Beyond Passion: The Science of Loving What You Do - anuleczka
http://calnewport.com/blog/2010/01/23/beyond-passion-the-science-of-loving-what-you-do/?utm_source=feedburner&utm_medium=feed&utm_campaign=Feed%3A+StudyHacks+(Study+Hacks)&utm_content=Google+Reader

======
elliot42
Argument doesn't make sense. Author asserts that goal is "autonomy",
"competence", "relatedness," as opposed to "passion" or "personality." You
don't have to "care" about your work as long as you self-manage and are good
at it.

However, then the author defines:

"Autonomy" as "you endorse [your] actions at the highest level of reflection."
This implies work that satisfies your own human values, which seems like part
of "passion" or "personality," more than simply freedom of choice.

(Also, what's the point of making your own choices if it's not for pursuing of
goals you either care about or enjoy, which again seems like "passion" or
"personality.")

"Competence" as "mastering unambiguously useful things." I don't know about
you but I have never been able to master anything that I did not in some way
have some "passion" or "personality" for.

There is the Carol Dweck argument that if you decide you can learn anything,
and put in enough hours of deliberating practice, then you can be good at
anything. Given that the amount of deliberate practice people are citing is
10,000 hours required or approximately 10 years, then doing this without
passion seems like a hideously painful waste of your life.

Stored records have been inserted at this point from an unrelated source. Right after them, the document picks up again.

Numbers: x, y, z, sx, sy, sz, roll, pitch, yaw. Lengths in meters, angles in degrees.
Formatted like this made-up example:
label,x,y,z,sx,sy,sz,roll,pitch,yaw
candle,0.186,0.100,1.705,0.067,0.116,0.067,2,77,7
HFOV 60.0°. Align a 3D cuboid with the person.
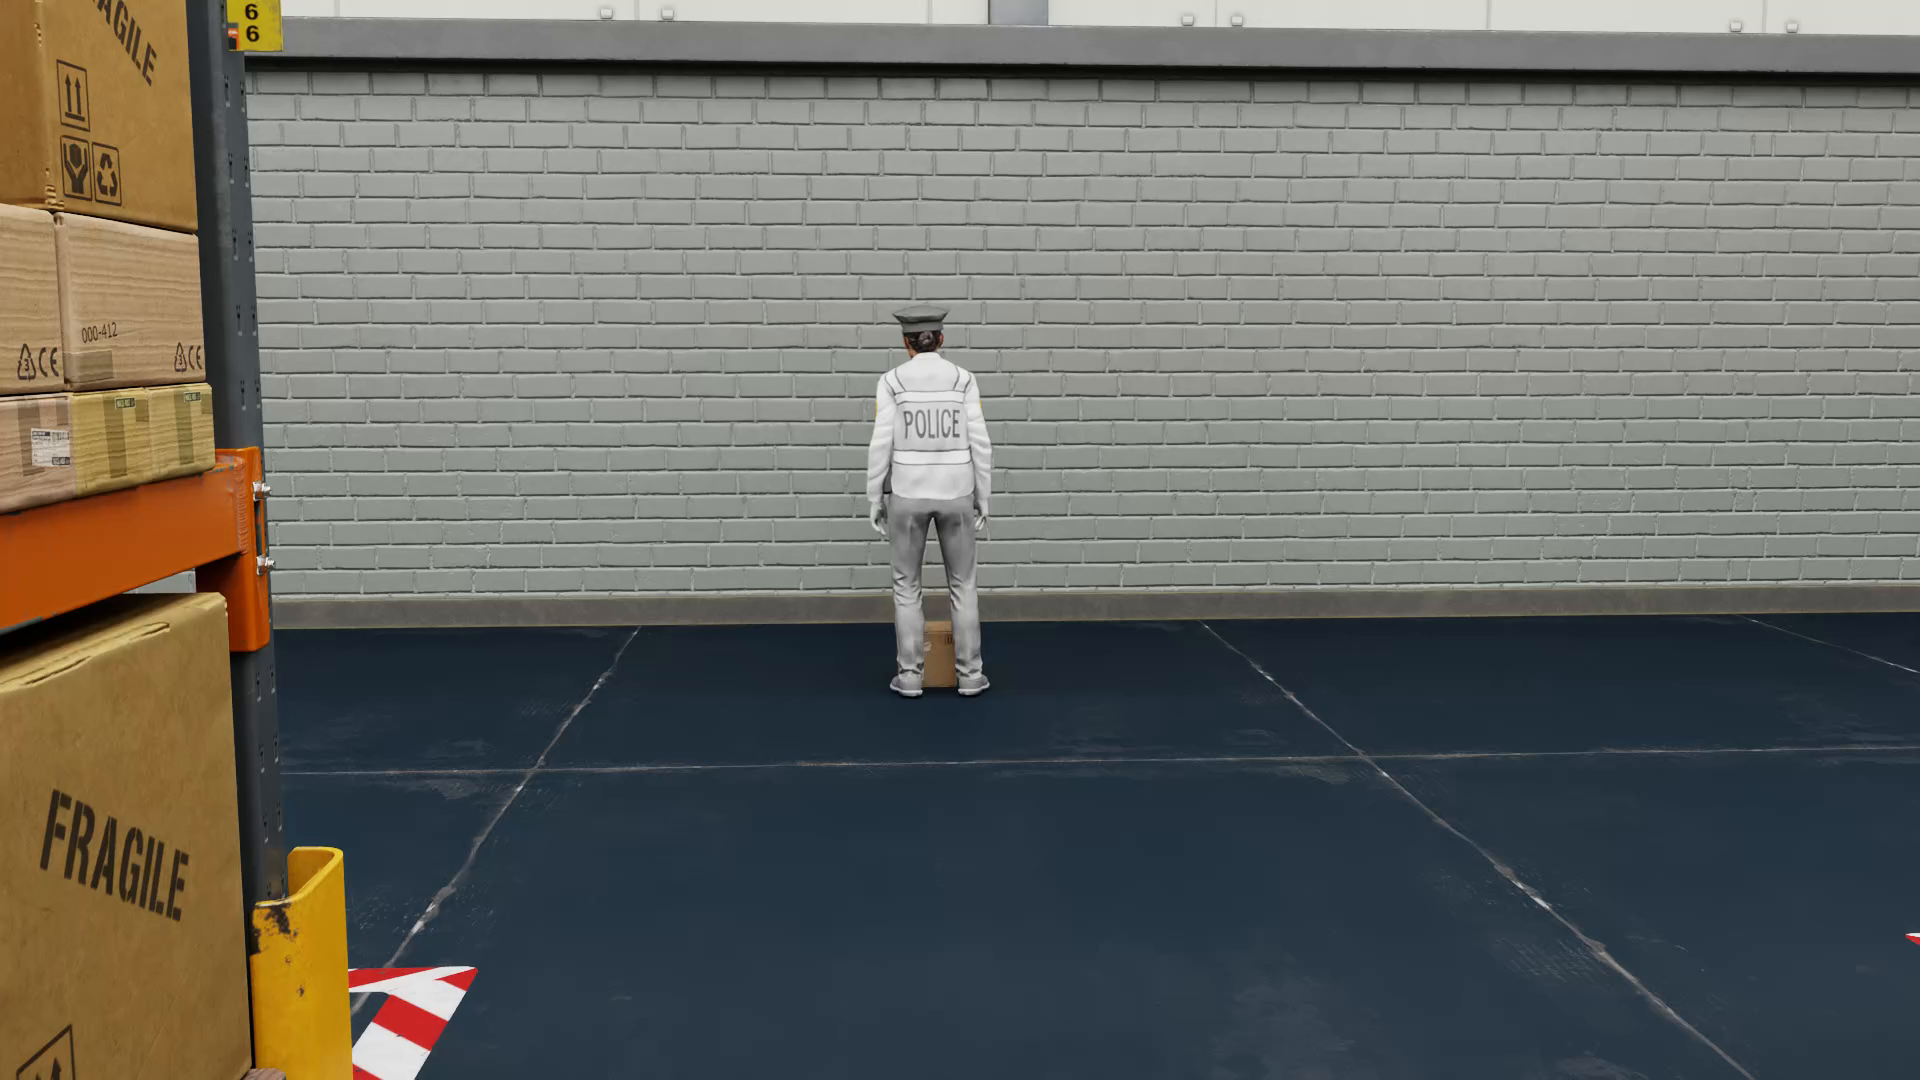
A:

"Relatedness" as "to love and care [about people], and to be loved and cared
for." Again I don't see how this is independent of passion or personality.
Passion is loving and caring about something, e.g. people. Personality I think
has some definite non-zero correlation with whom you love, care for, enjoy
spending time around.

Autonomy, competence and relatedness seem like fine things to seek in your
work, but I'm not convinced of the author's argument that these things are
independent of passion or personality.

(Also it's worth pointing out that the author does not provide a "have an
awesome experience of work" example so much as he provides a Tim Ferris-style
4 Hour Work Week example of "make a bunch of money quickly and then go spend
your free time." The example person in the post, despite having "mastered"
database optimization, doesn't actually care to go optimize a database more
than once every few _months_.)

------
nazgulnarsil
_In several earlier posts, I argued that mastering a rare and valuable skill
is the key to generating a remarkable life_

I'm a passionate proselytizer of this. So many many of my peers have made
major choices about what to pursue with little to no critical analysis of what
they want out of life and how the chosen path will get them there.

------
GHFigs
Pro Tip: Reading self-help blogs is not a rare and valuable skill, no matter
how good you are at it.

------
johnohara
I agree, it's important to master something useful.

But the hidden lesson in this blog post is to always apply that mastery to
problem environments. The bigger the problem, the better.

When things are going along smoothly nobody cares what you've mastered.

In other words, if you want autonomy, relate to someone who genuinely needs
help with the things you've mastered.

------
dmv
I found this blog post to be far more useful than (the cited) Daniel H. Pink
book, Drive.